Anfang 2019 setzte Netflix ein unerwartetes kulturelles Phänomen rund um etwas so scheinbar Alltägliches wie „Aufräumen“ in Gang. Mari Kondo, eine kleine Japanerin mit einem strahlenden Lächeln, betrat die chaotischen Häuser und Leben von acht amerikanischen Familien, um die spirituelle Dimension und die transformierende Kraft des Ausmistens von geistigem und körperlichem Unrat zu lehren, der einem glücklichen Leben im Weg steht. Auf einmal, so schien es, twitterten, Instagrammten und Facebookten die Amerikaner darüber, wie das Ausmisten ihnen half, mit dem in Kontakt zu kommen, was in ihrem Leben „Freude auslöst“, um ihr rechtmäßiges Glück zurückzufordern.

Der „Mari-Kondo-Effekt“ ist ein Ausdruck dafür, dass der Westen in Japan nach Weisheiten sucht, wie man ein besseres, sinnvolleres und erfüllteres Leben führen kann. Eine andere ist die japanische Idee des „Ikigai“ (Lebenszweck), ein Schlagwort für Ted Talks, Artikel und Bücher mit Titeln wie How to Ikigai: Lessons for Finding Happiness and Living your Life’s Purpose, Awakening your Ikigai: How the Japanese Wake up to Joy and Purpose Every Day, und Ikigai: Das japanische Geheimnis für ein langes und glückliches Leben.

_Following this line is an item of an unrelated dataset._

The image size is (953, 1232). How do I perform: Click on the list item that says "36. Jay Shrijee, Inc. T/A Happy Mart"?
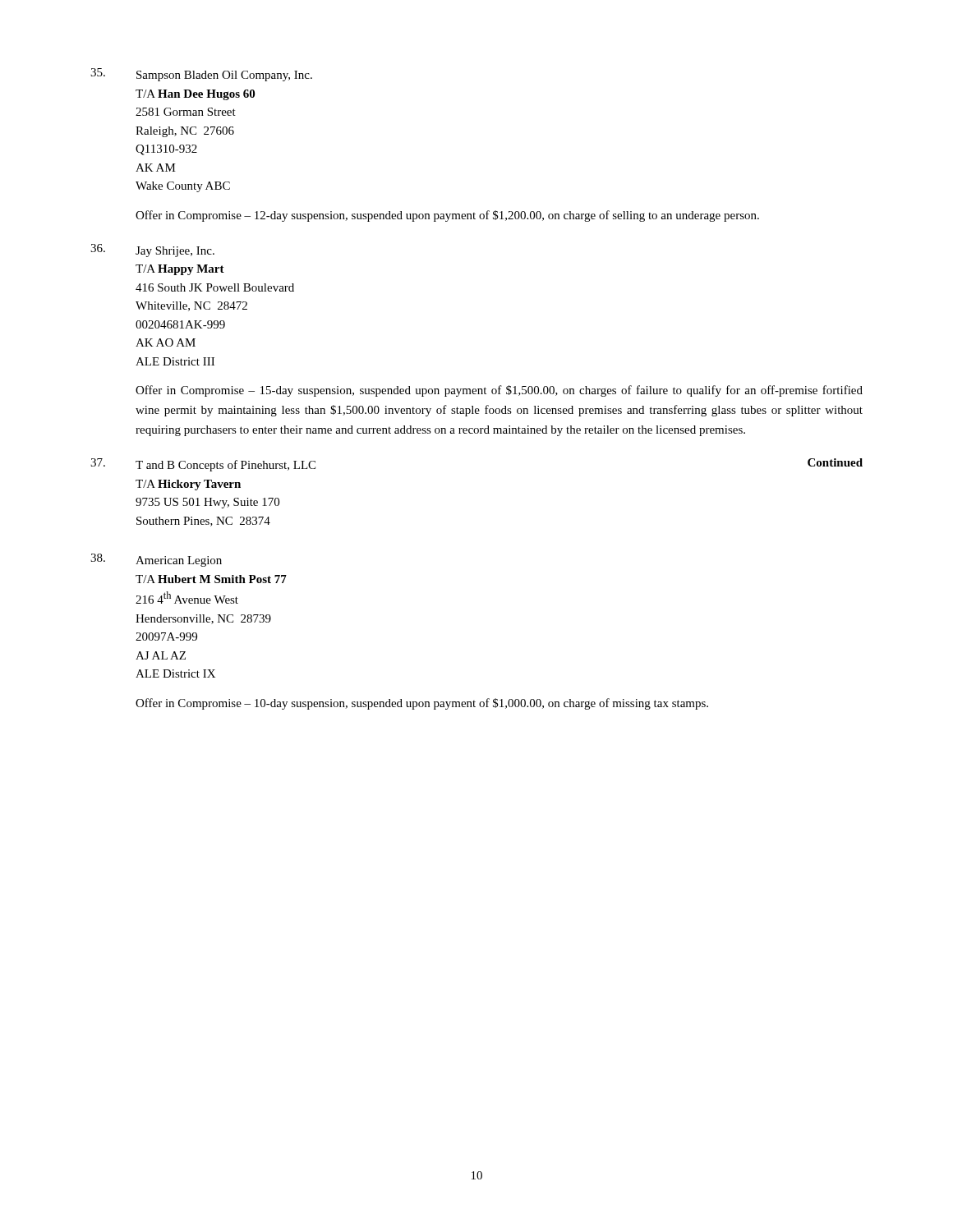[152, 251]
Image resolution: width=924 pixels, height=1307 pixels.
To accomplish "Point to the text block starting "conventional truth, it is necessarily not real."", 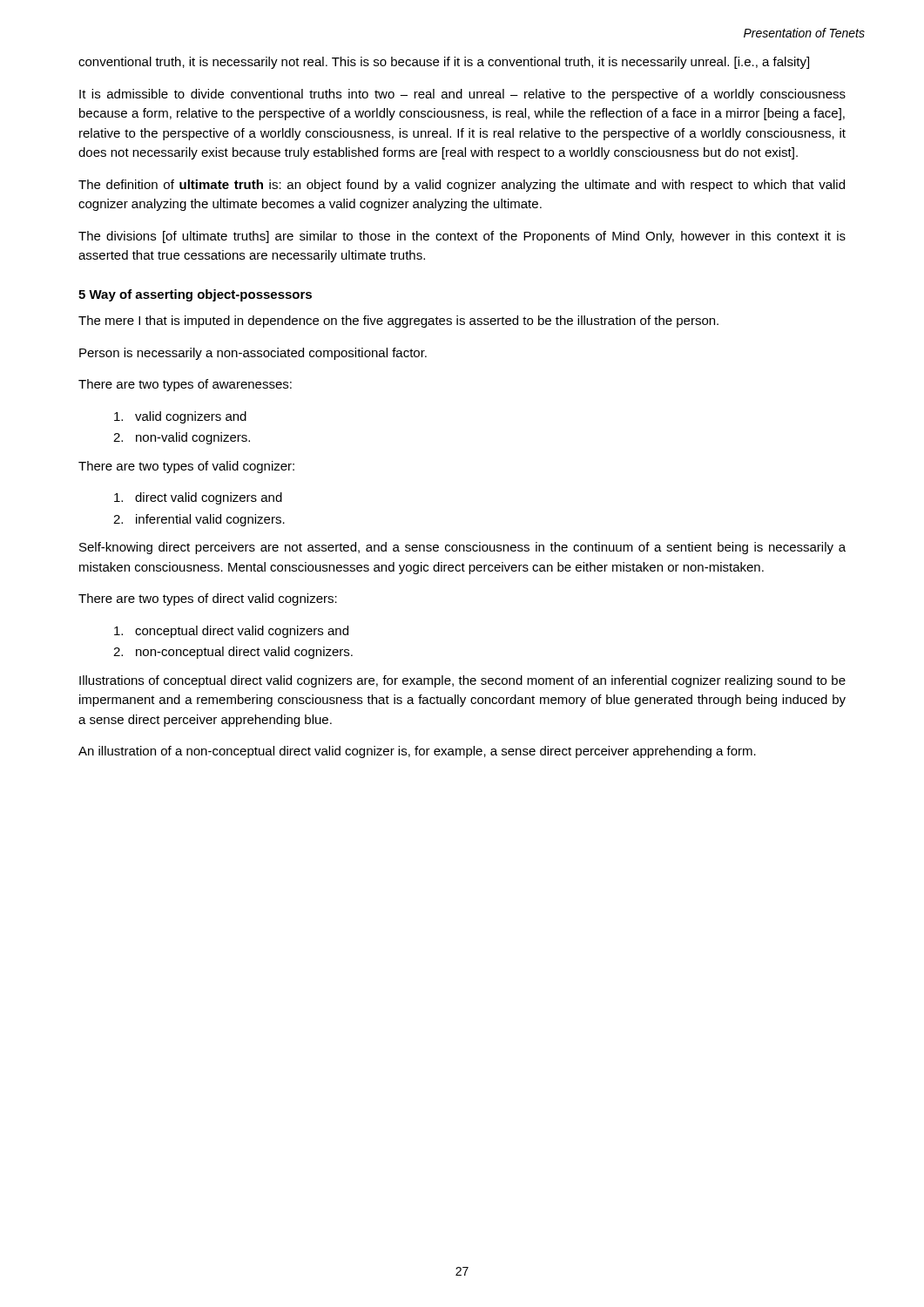I will coord(444,61).
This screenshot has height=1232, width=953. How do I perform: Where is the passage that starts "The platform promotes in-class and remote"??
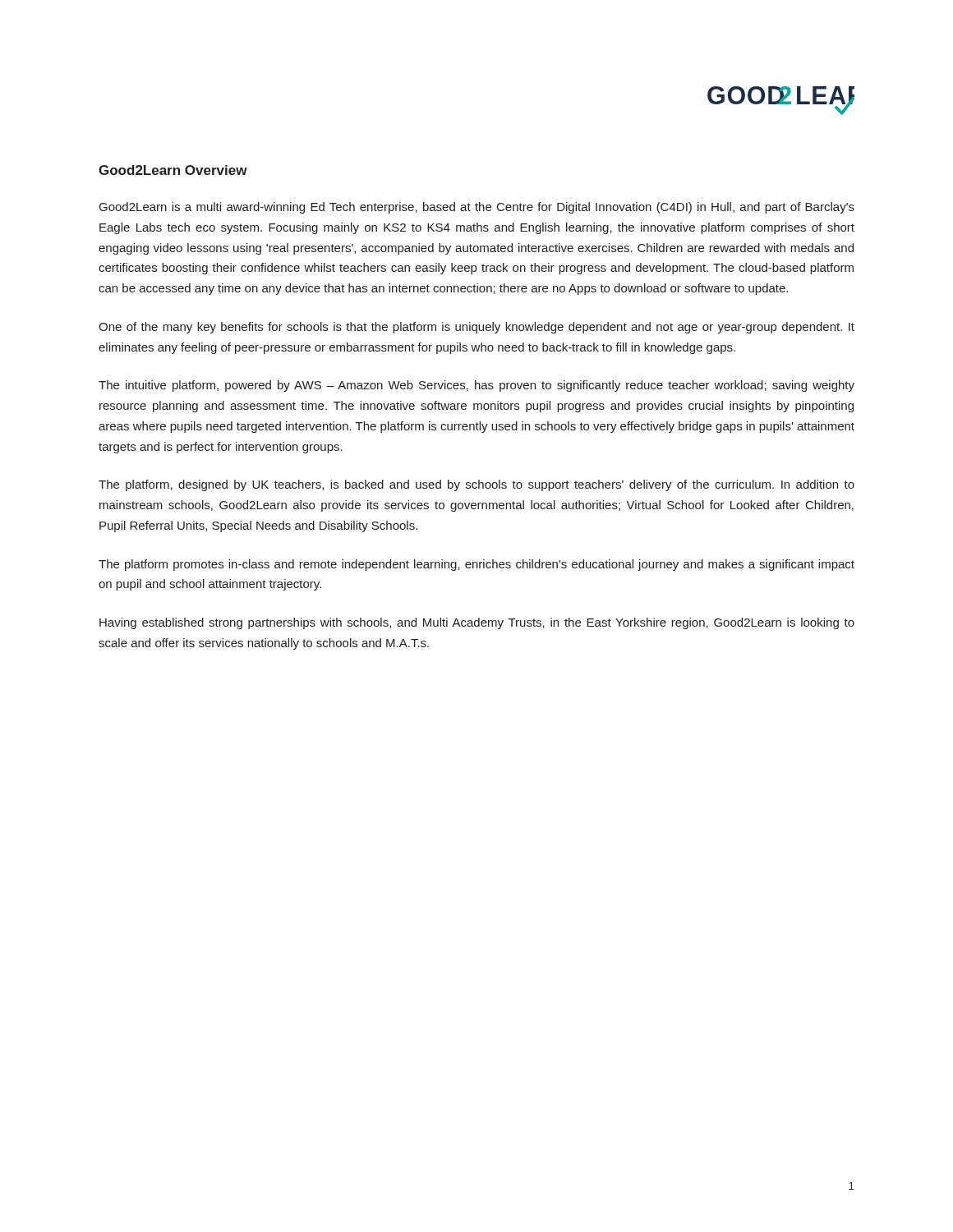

Trotz dieser Aufregung zeigen globale Umfrageergebnisse, dass die Japaner keinen Geheimtipp in Sachen Glück haben. Die 2019 Global Advisor Survey on Happiness von Ipsos ergab, dass Japan von 29 untersuchten Ländern auf Platz 23 liegt, weit hinter Australien (Platz 1), Kanada (Platz 2), China (Platz 3) und den USA (Platz 6). Mit Platz 20 sind sogar die Südkoreaner in Bezug auf ihr Glück etwas optimistischer. Dieses niedrige Glücksniveau spiegelt sich auch im Weltglücksbericht 2019 der Vereinten Nationen wider, in dem Japan auf Platz 58 rangiert und damit zu den Schlusslichtern der Industrienationen gehört. Warum berichten die Japaner in einem wohlhabenden, sauberen, sicheren und stabilen Land mit einem hochwertigen und zugänglichen Bildungs- und Gesundheitssystem über ein so vergleichsweise geringes persönliches Glücksniveau?

Kultureller Kontext

Ein großer Teil der Erklärung für Japans niedrige Platzierung auf der Skala der glücklichen Nationen kann durch den kulturellen Kontext erklärt werden. Die Art und Weise, wie abstrakte Konzepte wie „Glück“ in globalen Umfragen kommuniziert und verstanden werden, spiegelt eine bestimmte kulturelle Perspektive (typischerweise die westliche) und die Annahme wider, dass die Bedeutung von „Glück“, ganz zu schweigen davon, wie es zu messen ist, in allen Kulturen leicht zu verstehen ist. Die japanischen Umfrageergebnisse müssen vor dem Hintergrund einer grundlegend anderen Art der Wahrnehmung und des Verständnisses von „Glück“ bewertet werden.

Gleichgewicht als Ziel

Als qualitativer Marktforscher bei Ipsos in Japan habe ich die Tendenz beobachtet, den idealen Zustand des Seins nicht im Sinne von „Tun“ und „Erreichen“ zu sehen, sondern im Sinne der Aufrechterhaltung eines Zustands von „Gleichgewicht“ und „Stabilität“. Anstatt die Höhepunkte des Lebens zu erreichen, besteht das Ziel darin, die Extreme zu vermeiden, sowohl die Höhen als auch die Tiefen. Als ich eine Gruppe von Kollegen nach ihren Lebenszielen befragte, schockierte mich die Bescheidenheit ihrer Bestrebungen.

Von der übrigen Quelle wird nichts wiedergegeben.